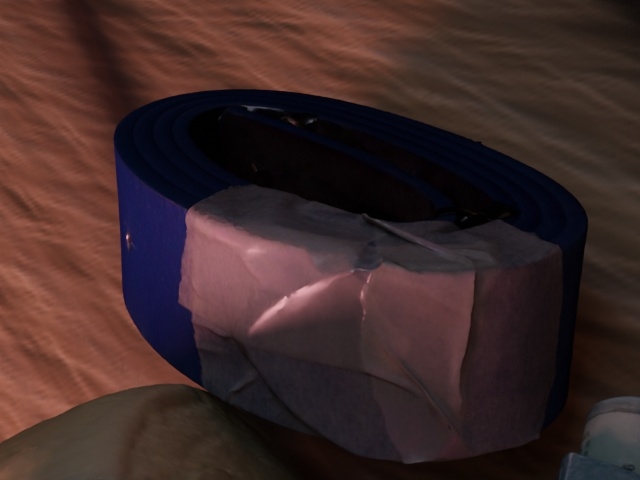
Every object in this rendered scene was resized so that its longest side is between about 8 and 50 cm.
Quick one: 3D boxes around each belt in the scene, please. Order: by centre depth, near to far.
[{"bbox_3d":[0.000,0.000,0.722,0.212,0.117,0.347,-13,27,-33],"label":"belt"}]

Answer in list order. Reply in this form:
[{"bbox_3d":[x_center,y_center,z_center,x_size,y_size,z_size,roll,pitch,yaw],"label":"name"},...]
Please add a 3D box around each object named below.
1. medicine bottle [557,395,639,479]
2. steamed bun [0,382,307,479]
[{"bbox_3d":[0.121,0.200,0.580,0.124,0.079,0.258,0,56,34],"label":"medicine bottle"},{"bbox_3d":[-0.129,0.200,0.612,0.290,0.272,0.273,-32,44,1],"label":"steamed bun"}]
************
# Exercise prompt
The lines from the one with "Please add a" through the final line of the data are to be reproduced exactly, both included, with no other lines.

# Result for this task
Please add a 3D box around each object named below.
1. medicine bottle [557,395,639,479]
2. steamed bun [0,382,307,479]
[{"bbox_3d":[0.121,0.200,0.580,0.124,0.079,0.258,0,56,34],"label":"medicine bottle"},{"bbox_3d":[-0.129,0.200,0.612,0.290,0.272,0.273,-32,44,1],"label":"steamed bun"}]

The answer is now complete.